How can engineers successfully transition into leadership roles?
The path that engineers take to reach leadership roles is a process in and of itself: it takes time to develop the knowledge, skills and experience needed to effectively and confidently head up interdisciplinary teams to have a far-reaching impact on your organization and industry.
While there’s no specific formula that will guarantee your rise up the corporate ladder, there are some tangible steps you can take to expand your current level of responsibility, learn new skills and increase your credibility and respect.
Expand your current levels of responsibility
Whether or not your current position includes management or leadership, you can proactively expand your zone of influence, which can often open doors to roles with more responsibilities.
Start by pursuing opportunities to widen and diversify your skillset. If a new project comes up in an area just outside your usual focus, ask to be included.
Not only does this show initiative, but it enables you to collaborate with new people, expand your knowledge base and bolster your expertise. These are all skills essential to leadership.
Another strategy is to volunteer to attend conferences, trade shows and other industry-focused events to share the innovative work being done in your workplace.
This demonstrates that you have a proactive mindset and are eager to take initiative.
Develop essential skills for engineering leadership
You likely excel in your technical field, and your technical expertise may have prompted higher-ups to identify you as a high-performing employee on the leadership track.
The challenge, however, is that technical skills are different from the skills required to head up a project or team. Unfortunately, while many leaders may be technical experts, they lack the broad perspectives, emotional intelligence and communication skills that set effective leaders apart.
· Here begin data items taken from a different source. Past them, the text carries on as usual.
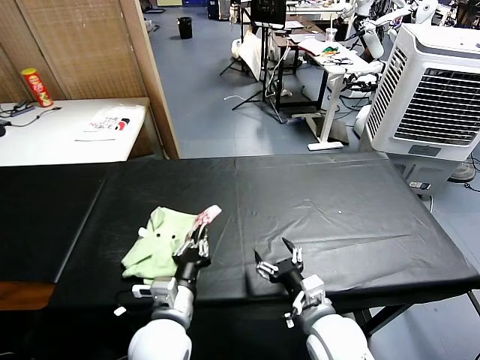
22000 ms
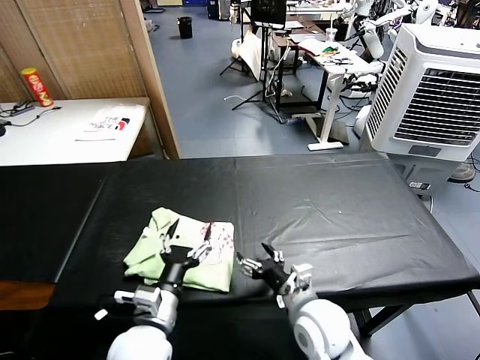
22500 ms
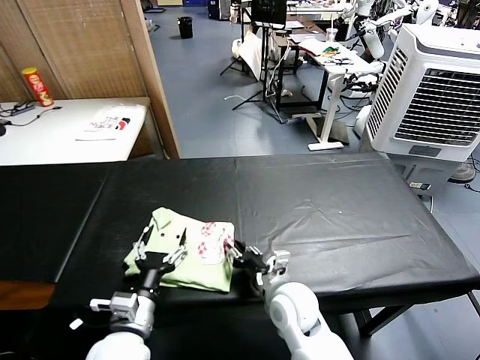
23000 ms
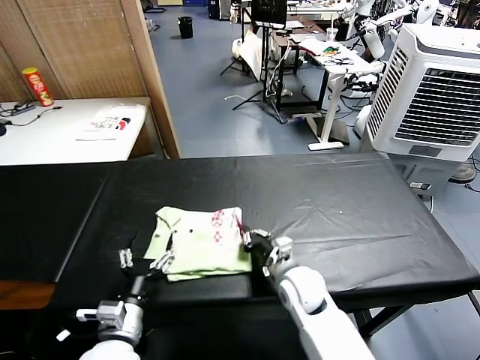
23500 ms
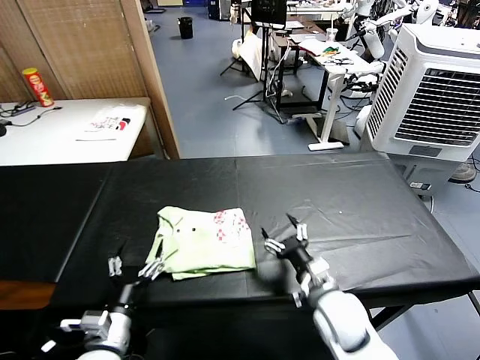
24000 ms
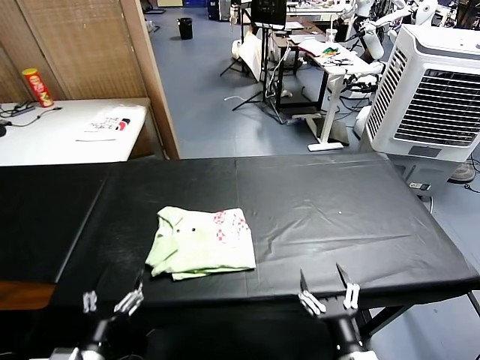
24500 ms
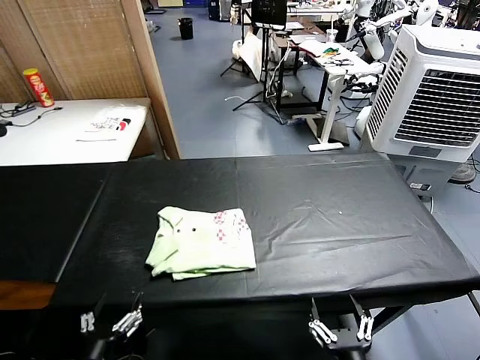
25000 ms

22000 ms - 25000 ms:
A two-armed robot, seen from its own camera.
Task of the whole recording: fold and organize the clothes.
Step, 22500 ms - 23500 ms: Drag the clothes to the center of the table.
22000 ms - 23500 ms: The right gripper shifts some 10 cm forward, and closes; the left gripper moves to the left, approximately 10 cm, and opens its fingers.
23500 ms - 25000 ms: The left gripper moves backward, approximately 10 cm. The right gripper shifts about 30 cm backward, and opens.

“They need to inspire and lead with robust and persuasive communication skills. They need to offer a compelling and differentiated strategic point of view. And they need to learn how to move beyond simply ‘doing; towards managing teams and projects to execute at a high level. “
Developing this kind of knowledge – and the leadership skills that go with it – may require stepping aside from your career and investing in additional education.
Expand technical knowledge while developing business acumen
One option is the MEL, an interdisciplinary master’s degree in engineering and leadership.
The MEL offers six industry-specific specializations that combine technical education taught by world-renowned experts from UBC Faculty of Applied Science with business education taught through one of Canada’s most acclaimed business schools.
Students gain new knowledge of their field, while also learning the communication, business and leadership skills needed to move into the next stage of their careers.
One required course introduces students to the six core business competencies of accounting, organizational behaviour and human resources, finance, marketing, business technology management and professional development. Students work with financial statements, develop marketing plans, and practice coaching skills and handling conflict through role-playing exercises.
“As you move up the career ladder, technical specialization does not matter as much as communication and being able to manage all facets of the business, from finance to marketing,” says Jiyan Pattarwala, who completed the MEL in High Performance Buildings.
“This was a crash course in these areas and is helping me to be a better leader.” Learn more about this course and how other students found it valuable for deepening their leadership skills.
Building confidence, gaining credibility
A program like the MEL offers other benefits to those who want to be leaders in their field.
The industry-driven curriculum offers ample opportunities to push beyond your comfort zone, apply new knowledge and practice new skills that will help you to transition into leadership roles.
You’ll also be learning alongside students from diverse professional and personal backgrounds, which helps you develop emotional intelligence and the ability to form strong working relationships with those very different from you.
Engineers land leadership roles
Alumni of the program tell us that when they return to their careers, they have greater confidence as leaders – and the jump in responsibility in their roles shows that their employers do too.
A master’s degree in engineering leadership from a world-renowned university like UBC is a valuable credential when seeking your next position. It tells employers that you are comfortable with taking risks, are committed to investing in your professional development and that you have what it takes to succeed in a challenging interdisciplinary environment.
In short: it shows that you are ready to lead.